Rabbits all like a comfy place to sleep, but they don't require a fancy bed or anything. Most rabbits are very happy with some towels. You can find large bath towels for around five dollars instead of a bed which would cost around 15 dollars +. Rabbits love towels because they can play with them and arrange them however they want. And you will be happy because they are easy to clean, just throw the towels in the washing machine.

When buying food and water dishes don't be fooled. Yes, plastic ones can be very, very, very cheap. They can cost as little as a dollar. But, they might end up costing more in the long run. The cheap plastic dishes are not very durable. A heavy duty ceramic bowl is a better long lasting option that only costs a few dollars more.

For grooming supplies a brush and nail clippers are needed but don't invest in shampoo unless your rabbit actually needs it. Most rabbits are very clean animals and my never even need a bath.

For hay look for a good quality hay, but you can try to get the cheapest you can find, as long as the quality is still good. A good brand is Kaytee. It is on the cheaper side, yet the quality is pretty good, and I find that most hay-eating critters really love it. Be careful of the extremely inexepensive brands such as Great Choice and brands that advertise easy to use miniature bales separated into portions. Those brand's hay is horrible quality and most rabbits won't eat it so don't waste your money on it.

You can find many good quality pellets for fairly inexpensive, but make sure not to go for the super cheap stuff filled with seeds and other stuff. That is not healthy for your rabbit. Also make sure that Timothy Hay is the first ingredient.

To save on veggies you can try growing your own. You can use something such as romaine lettuce as the main part of your rabbit's daily salad. And then you can add more expensive veggies such as parsley, cucuumbers etc in smaller amounts. Celery too.
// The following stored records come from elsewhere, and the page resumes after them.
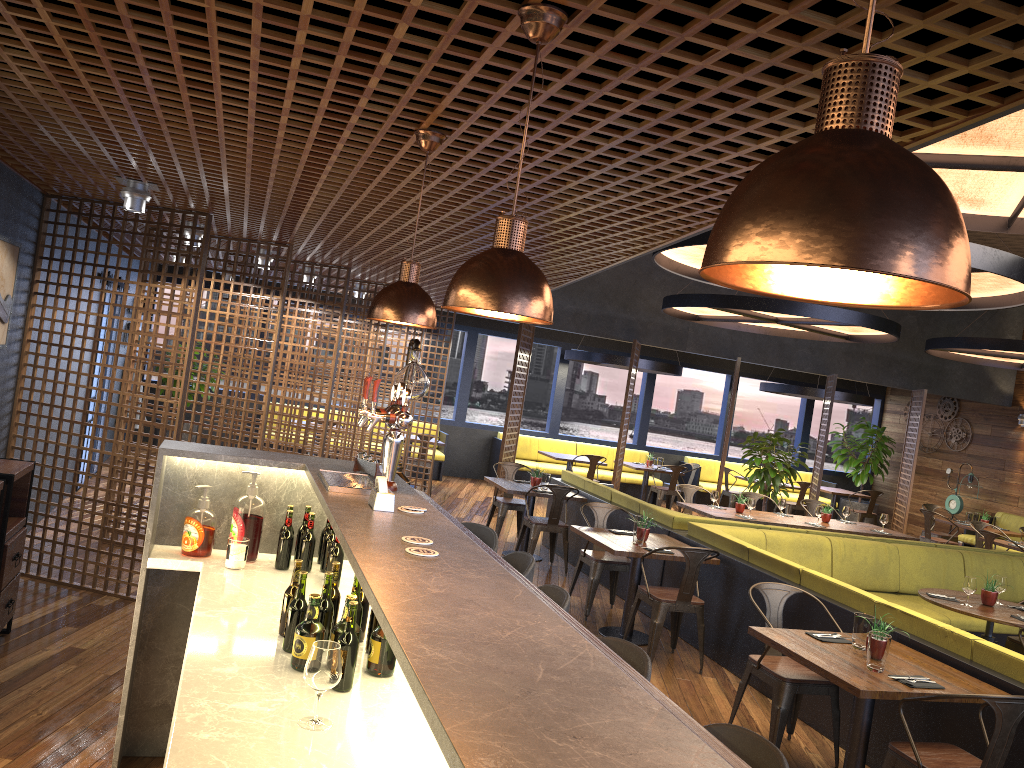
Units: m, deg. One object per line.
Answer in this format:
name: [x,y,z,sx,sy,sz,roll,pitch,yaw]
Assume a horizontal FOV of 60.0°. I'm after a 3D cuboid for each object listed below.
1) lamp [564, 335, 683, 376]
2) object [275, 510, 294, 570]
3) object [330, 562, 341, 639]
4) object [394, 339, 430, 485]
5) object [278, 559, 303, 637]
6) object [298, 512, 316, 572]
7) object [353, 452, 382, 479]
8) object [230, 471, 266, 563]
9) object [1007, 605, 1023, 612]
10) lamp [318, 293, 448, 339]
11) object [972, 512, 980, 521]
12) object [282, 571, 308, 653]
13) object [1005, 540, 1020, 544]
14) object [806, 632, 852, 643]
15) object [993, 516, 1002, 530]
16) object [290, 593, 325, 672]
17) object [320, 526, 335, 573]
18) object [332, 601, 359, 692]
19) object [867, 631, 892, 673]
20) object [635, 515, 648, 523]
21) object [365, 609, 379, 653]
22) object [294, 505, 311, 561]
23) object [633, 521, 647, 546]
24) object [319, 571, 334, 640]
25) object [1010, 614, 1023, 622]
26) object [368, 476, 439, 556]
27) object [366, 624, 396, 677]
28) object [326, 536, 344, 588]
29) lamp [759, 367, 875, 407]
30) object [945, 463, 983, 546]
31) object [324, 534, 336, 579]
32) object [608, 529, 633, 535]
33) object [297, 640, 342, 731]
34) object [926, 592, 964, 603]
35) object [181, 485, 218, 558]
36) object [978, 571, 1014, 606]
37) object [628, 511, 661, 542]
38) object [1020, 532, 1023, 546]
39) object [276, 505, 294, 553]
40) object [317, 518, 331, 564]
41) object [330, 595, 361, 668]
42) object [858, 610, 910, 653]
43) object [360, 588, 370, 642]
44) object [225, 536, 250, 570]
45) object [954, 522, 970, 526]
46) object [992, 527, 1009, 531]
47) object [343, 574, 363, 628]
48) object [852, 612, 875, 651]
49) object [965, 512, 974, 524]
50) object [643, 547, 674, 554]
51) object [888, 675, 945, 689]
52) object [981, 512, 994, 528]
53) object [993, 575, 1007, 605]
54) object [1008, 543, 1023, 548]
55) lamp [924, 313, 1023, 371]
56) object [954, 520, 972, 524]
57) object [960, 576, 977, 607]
lamp: [2.020,-1.349,14.909,1.979,2.172,1.979,9,0,28]
object: [-0.968,0.667,3.801,0.063,0.254,0.063,8,0,-30]
object: [-0.610,0.726,2.988,0.063,0.254,0.063,9,1,45]
object: [-0.669,0.193,5.383,0.263,0.944,0.566,8,0,-25]
object: [-0.726,0.709,2.942,0.063,0.254,0.063,9,0,25]
object: [-0.878,0.681,3.818,0.063,0.254,0.063,8,0,-25]
object: [-0.588,0.343,3.767,0.091,0.091,0.177,8,1,-42]
object: [-1.143,0.573,3.851,0.133,0.385,0.133,9,0,22]
object: [3.817,1.673,6.612,0.255,0.019,0.157,8,0,-15]
lamp: [-1.829,-1.921,13.695,1.979,2.172,1.979,8,0,-11]
object: [6.925,2.014,13.245,0.102,0.178,0.102,9,0,18]
object: [-0.676,0.718,2.800,0.063,0.254,0.063,9,0,35]
object: [6.525,2.046,11.463,0.157,0.019,0.255,8,0,-18]
object: [1.734,1.368,4.800,0.255,0.019,0.157,8,0,-18]
object: [7.131,2.046,13.042,0.102,0.178,0.102,9,0,18]
object: [-0.606,0.744,2.664,0.088,0.224,0.088,9,0,27]
object: [-0.789,0.694,3.869,0.063,0.254,0.063,9,1,45]
object: [-0.472,0.750,2.544,0.063,0.254,0.063,8,0,-30]
object: [1.766,1.296,4.283,0.102,0.178,0.102,9,0,18]
object: [1.047,1.168,7.241,0.102,0.178,0.102,8,0,-32]
object: [-0.432,0.753,2.903,0.063,0.254,0.063,9,1,45]
object: [-0.931,0.672,3.979,0.063,0.254,0.063,9,0,25]
object: [0.985,1.161,6.870,0.102,0.178,0.102,8,0,-32]
object: [-0.603,0.728,2.840,0.063,0.254,0.063,9,0,10]
object: [3.600,1.643,6.191,0.157,0.019,0.255,8,0,-11]
object: [-0.283,0.389,2.712,0.200,0.106,0.766,8,0,-17]
object: [-0.390,0.776,2.719,0.088,0.224,0.088,8,0,-23]
object: [-0.719,0.706,3.625,0.063,0.254,0.063,9,1,45]
lamp: [5.653,-0.812,16.056,1.979,2.172,1.979,8,0,-32]
object: [7.968,2.201,15.755,0.459,1.615,0.848,8,0,-17]
object: [-0.744,0.701,3.742,0.063,0.254,0.063,9,0,10]
object: [0.941,1.232,7.377,0.255,0.019,0.157,8,0,-18]
object: [-0.491,0.773,2.282,0.097,0.206,0.097,9,0,14]
object: [3.222,1.584,6.588,0.255,0.019,0.157,9,0,15]
object: [-1.341,0.586,3.828,0.133,0.301,0.133,8,0,-12]
object: [3.531,1.500,6.550,0.238,0.271,0.260,9,0,4]
object: [1.067,1.125,7.095,0.260,0.271,0.238,8,0,-16]
object: [6.448,1.956,11.148,0.102,0.178,0.102,8,0,-32]
object: [-0.998,0.662,3.927,0.063,0.254,0.063,8,0,-25]
object: [-0.832,0.687,4.008,0.063,0.254,0.063,9,1,45]
object: [-0.506,0.759,2.712,0.088,0.224,0.088,9,0,12]
object: [1.856,1.261,4.491,0.238,0.271,0.260,9,0,4]
object: [-0.512,0.741,3.001,0.063,0.254,0.063,8,0,-20]
object: [-1.150,0.707,3.707,0.088,0.123,0.088,8,0,-12]
object: [6.609,2.048,13.014,0.157,0.019,0.255,8,0,-18]
object: [7.254,2.144,13.138,0.157,0.019,0.255,8,0,-18]
object: [-0.516,0.741,2.876,0.063,0.254,0.063,8,0,-15]
object: [1.841,1.305,4.663,0.102,0.178,0.102,8,0,-32]
object: [6.755,1.989,13.110,0.102,0.178,0.102,8,0,-32]
object: [1.097,1.260,6.759,0.255,0.019,0.157,8,0,-18]
object: [1.891,1.396,4.181,0.255,0.019,0.157,8,0,-18]
object: [6.962,1.974,13.050,0.238,0.271,0.260,9,0,4]
object: [3.689,1.558,6.710,0.097,0.206,0.097,9,0,21]
object: [6.301,2.015,11.052,0.157,0.019,0.255,8,0,-18]
lamp: [7.154,-0.941,11.899,2.778,1.362,2.778,9,0,37]
object: [6.818,2.077,13.381,0.255,0.019,0.157,8,0,-18]
object: [3.312,1.503,6.431,0.097,0.206,0.097,9,0,24]

When you are in the pet store shopping for your rabbit you might see vitamins for them. Don't buy them. They are fairly expensive and they are completely unnecessary. If your rabbit gets hay, a good quality pellet food, and a variety of veggies he will  not need any extra vitamins.


  1. You've done a few other things that have saved money with your pets! You have signed up for coupons on a few of the websites for the animal products we use such as for dog food and bunny litter. We've gotten coupons for anywhere from $1 to $5 off some of our favorite products.

    Another thing you do regularly to save money is to watch for sales and then wait to purchase items when the price is good. Obviously this wouldn't work if your animal is out of food today but planning ahead, keeping an eye on prices, and being patient can certainly save a few dollars here and there!

    Great post!
    Love and hugs,

  2. It's great that you've found so many ways to save money without compromising quality! Your animals are healthy and happy and you're not going broke. That's a wonderful skill that you can apply to anything else in your life. Good job, Emily!